Si potrebbe persino parlare di un nuovo ecofemminismo, quello che porta le nuove generazioni di donne a non ragionare solo per opzioni ideologiche o di appartenenza, quanto per quello che potrebbe definirsi come un nuovo sguardo sulla vita stessa. Non potrebbe spiegarsi altrimenti la grande presenza di donne nelle azioni di volontariato, sia relativamente al proprio territorio locale che a livello internazionale. Sono le donne, ad esempio in Veneto, in prima fila nella battaglia contro i PFAS, sostanze chimiche altamente tossiche e permanenti; sono le donne molto presenti nella questione dell’alimentazione, intesa sia come educazione alimentare che come lotta allo spreco del cibo, e si potrebbe continuare.
Del resto, sul corpo delle donne si gioca oggi forse la più grande delle battaglie, e cioè quella del controllo della riproduzione: il tentativo in atto di espropriare le donne di quello che avviene dal concepimento alla nascita e successivamente a questa.
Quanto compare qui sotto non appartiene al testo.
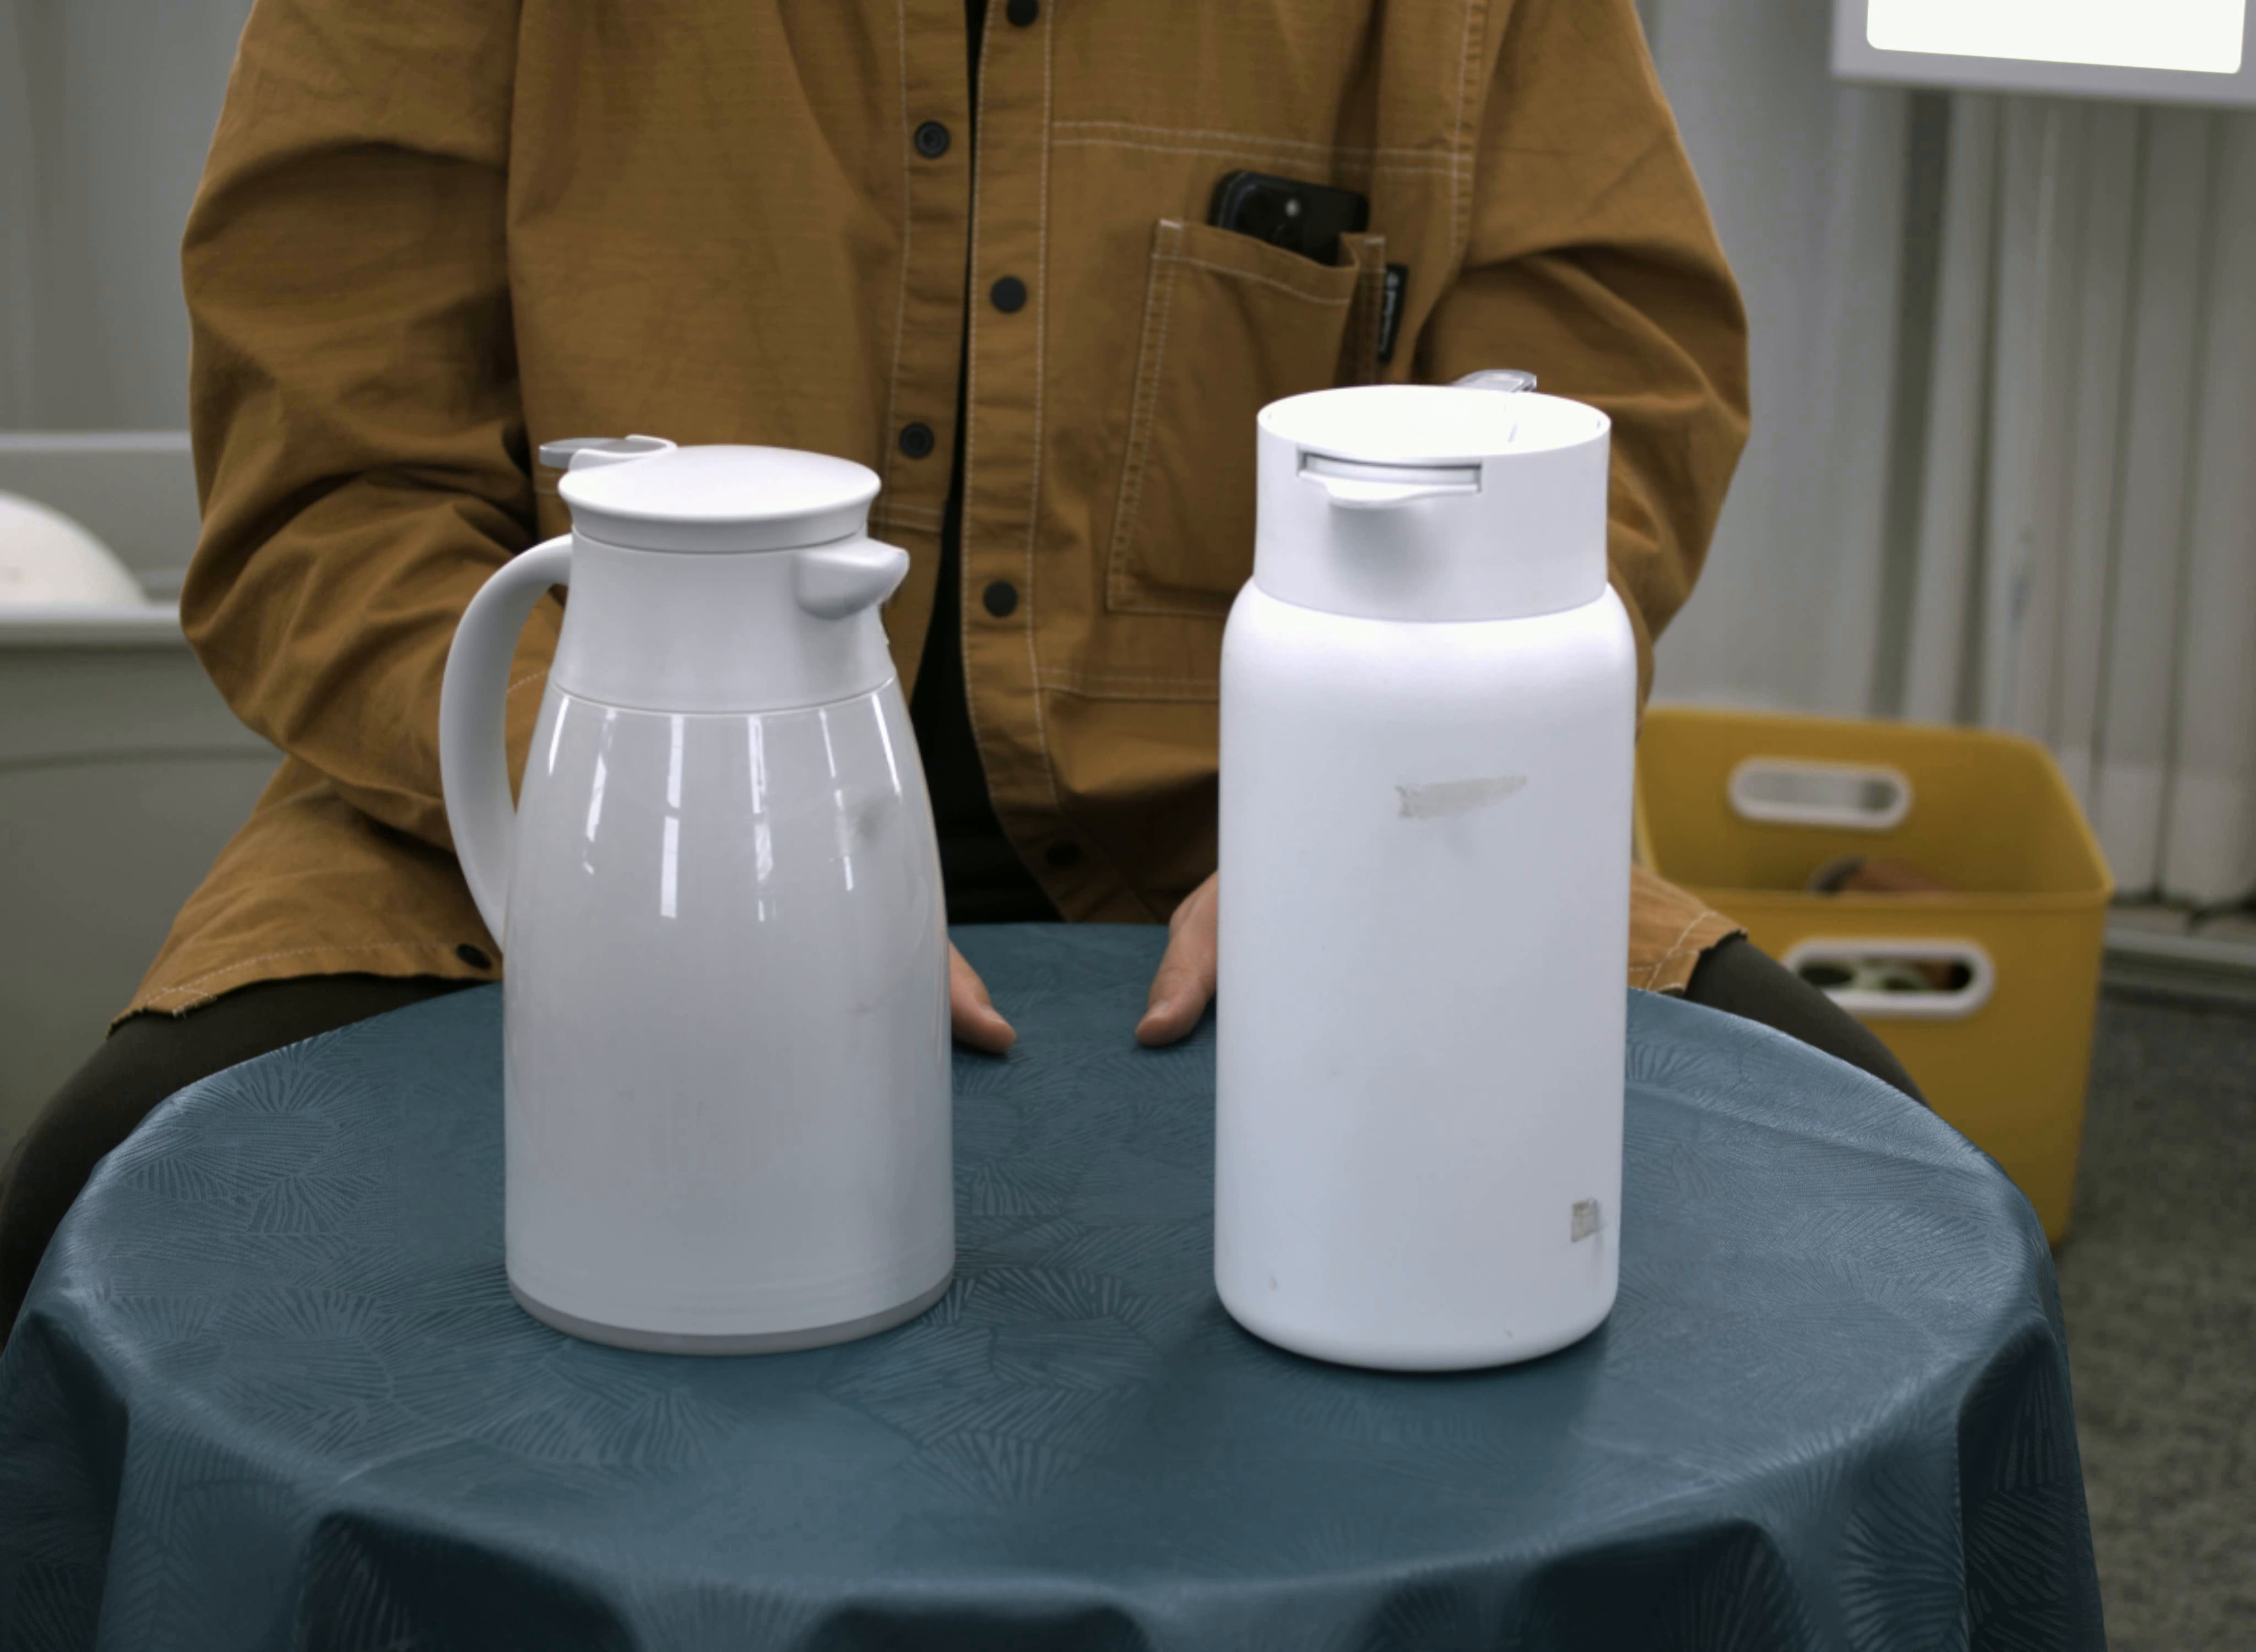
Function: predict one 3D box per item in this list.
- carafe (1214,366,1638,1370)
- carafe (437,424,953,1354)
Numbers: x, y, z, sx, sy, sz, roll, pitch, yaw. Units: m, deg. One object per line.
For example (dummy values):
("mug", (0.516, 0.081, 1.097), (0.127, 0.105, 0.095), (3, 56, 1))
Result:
("carafe", (0.088, 0.007, 1.502), (0.123, 0.271, 0.173), (4, 16, 19))
("carafe", (-0.132, 0.010, 1.520), (0.165, 0.250, 0.133), (10, 19, 34))
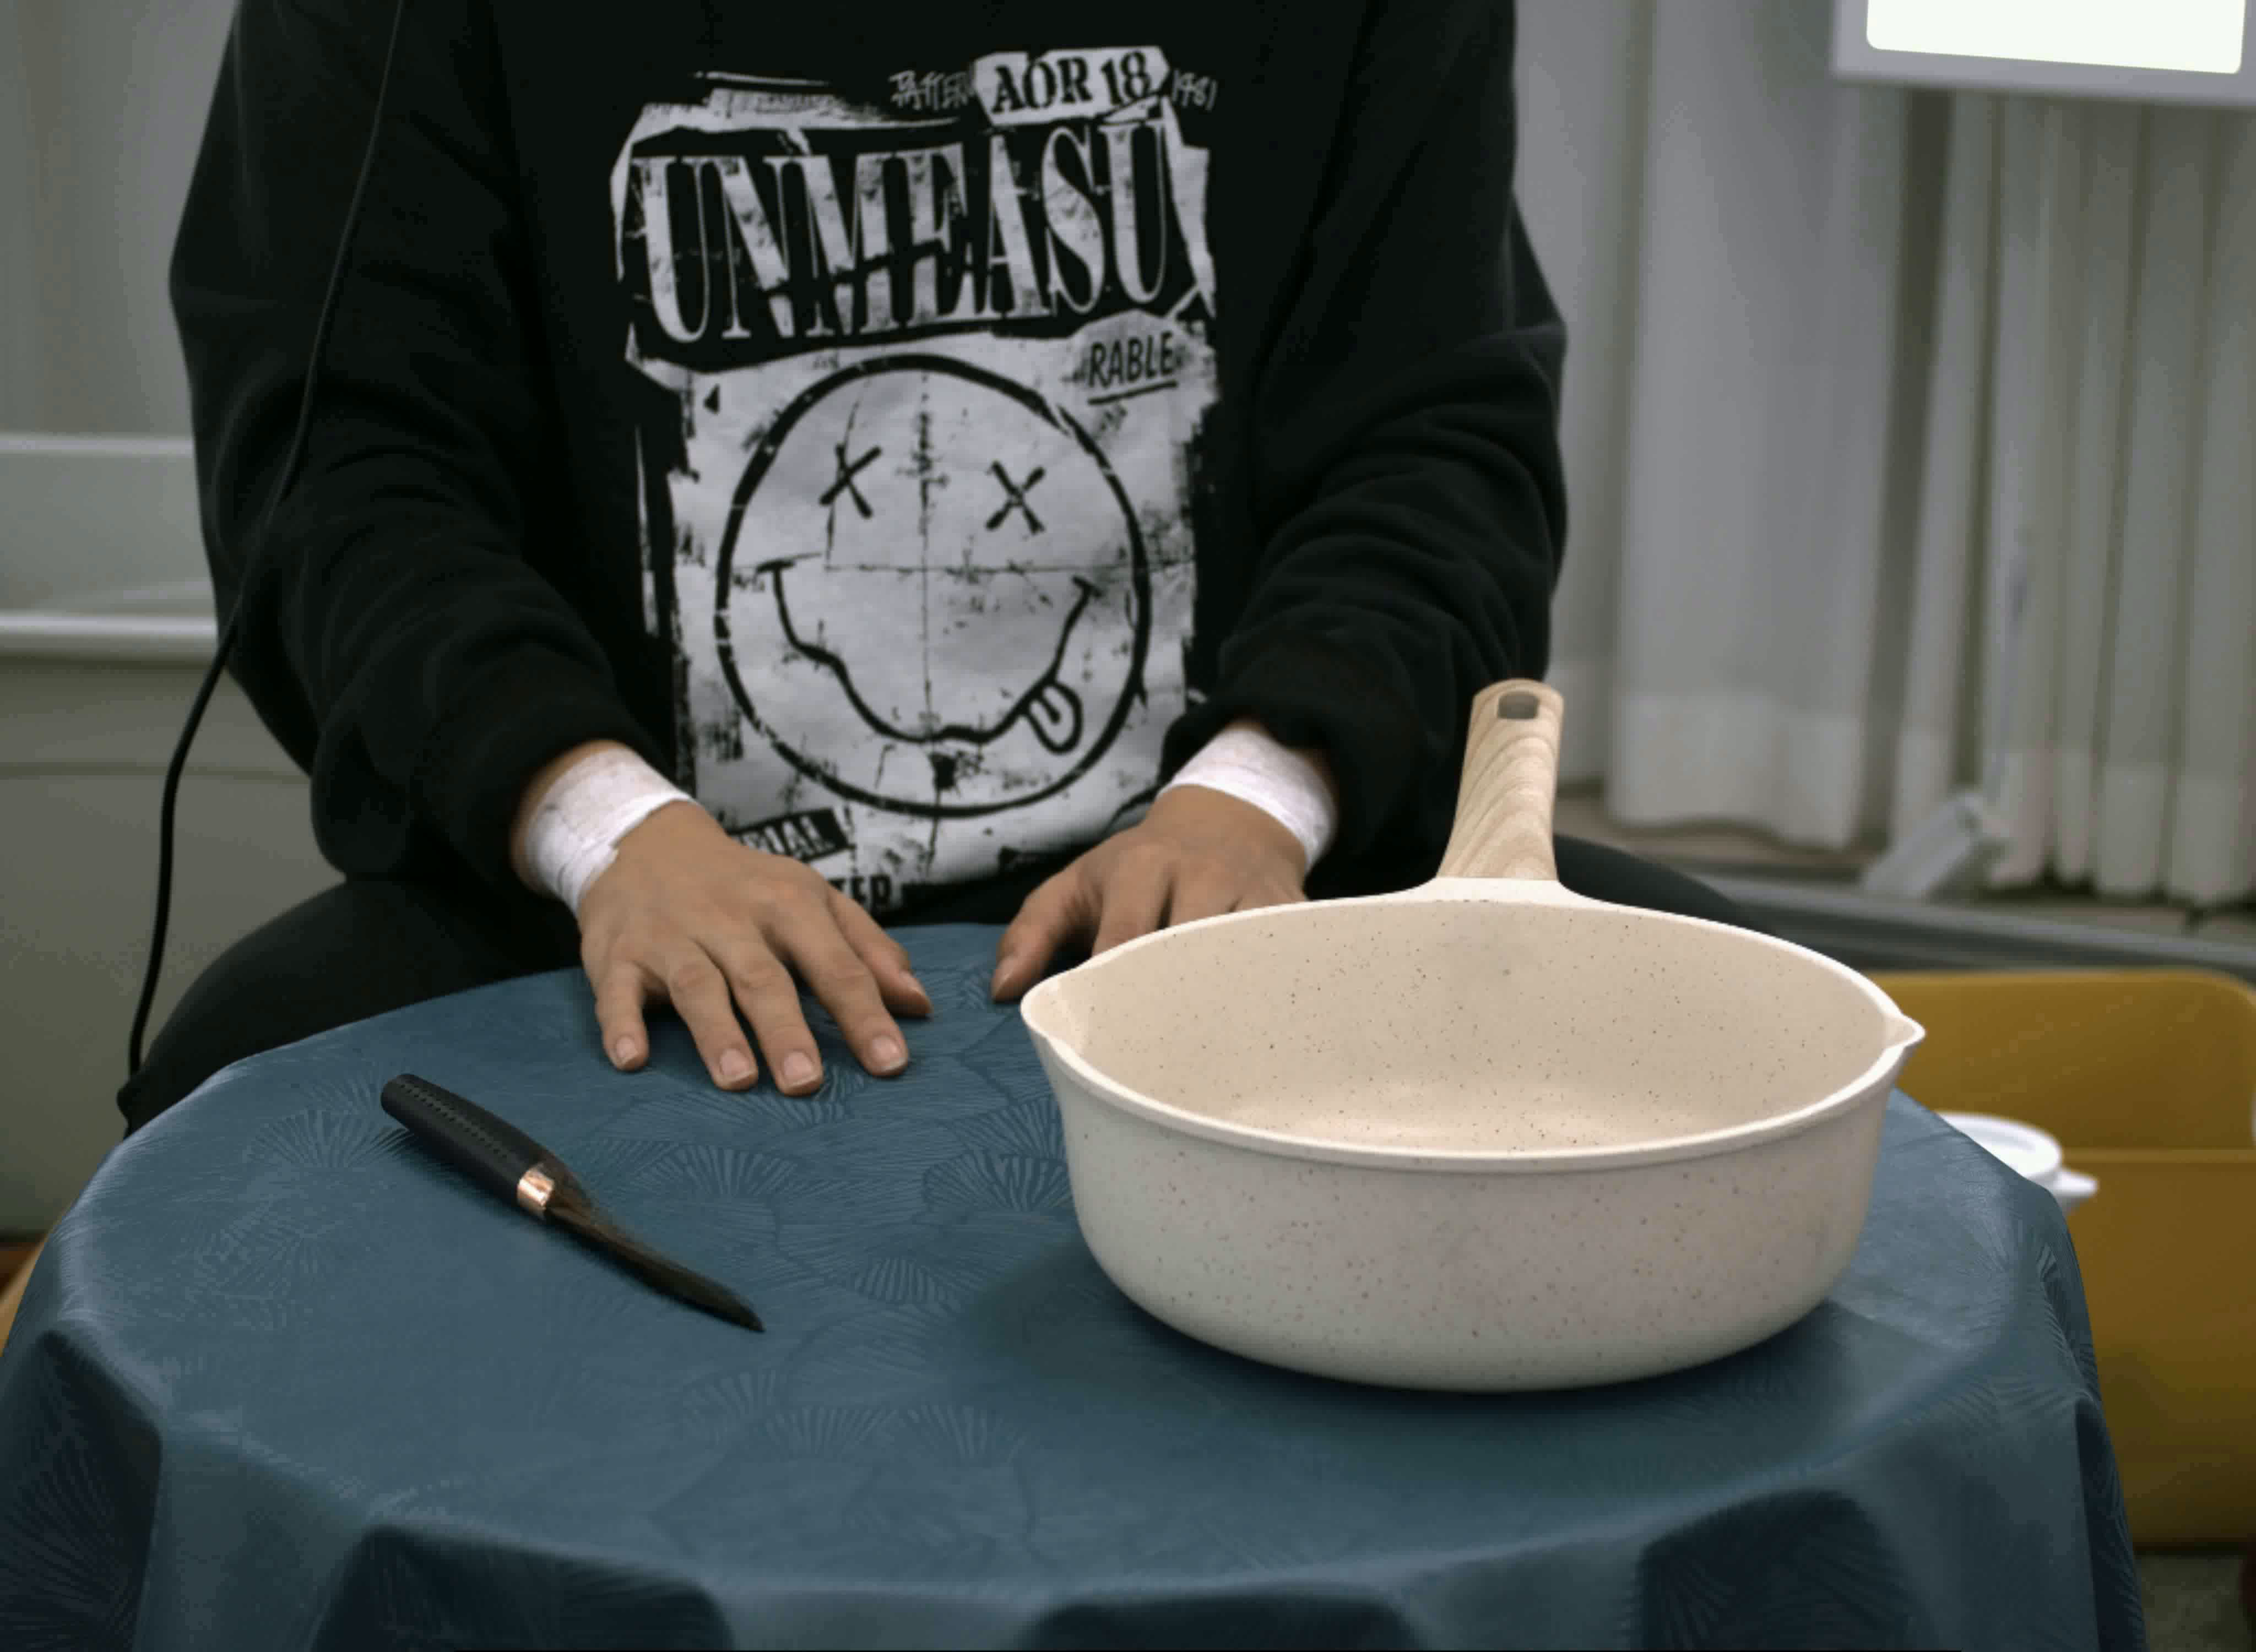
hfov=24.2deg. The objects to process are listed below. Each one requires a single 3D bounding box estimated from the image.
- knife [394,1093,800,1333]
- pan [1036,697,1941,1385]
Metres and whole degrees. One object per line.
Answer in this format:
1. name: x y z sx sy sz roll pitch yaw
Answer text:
1. knife: -0.163 0.116 1.587 0.026 0.017 0.222 9 9 -38
2. pan: 0.114 0.061 1.625 0.262 0.103 0.433 0 15 5

Ma i movimenti legati all’ecofemminismo saranno un argine non secondario a quella donna-cyborg che alcune pensano sia una conquista necessaria o quanto meno un destino ineludibile al quale rassegnarsi. E sarà una battaglia che dimostrerà come l’ecofemminismo non è una visione semplicemente contro, ma l’unico orizzonte possibile per la nostra specie.
Titta Vadalà è ecologista, da molti anni impegnata nel movimento sia ambientalista che delle donne. Ha partecipato a battaglie internazionali per la difesa delle popolazioni indigene e fa parte del Gruppo internazionale della Casa delle Donne di Roma.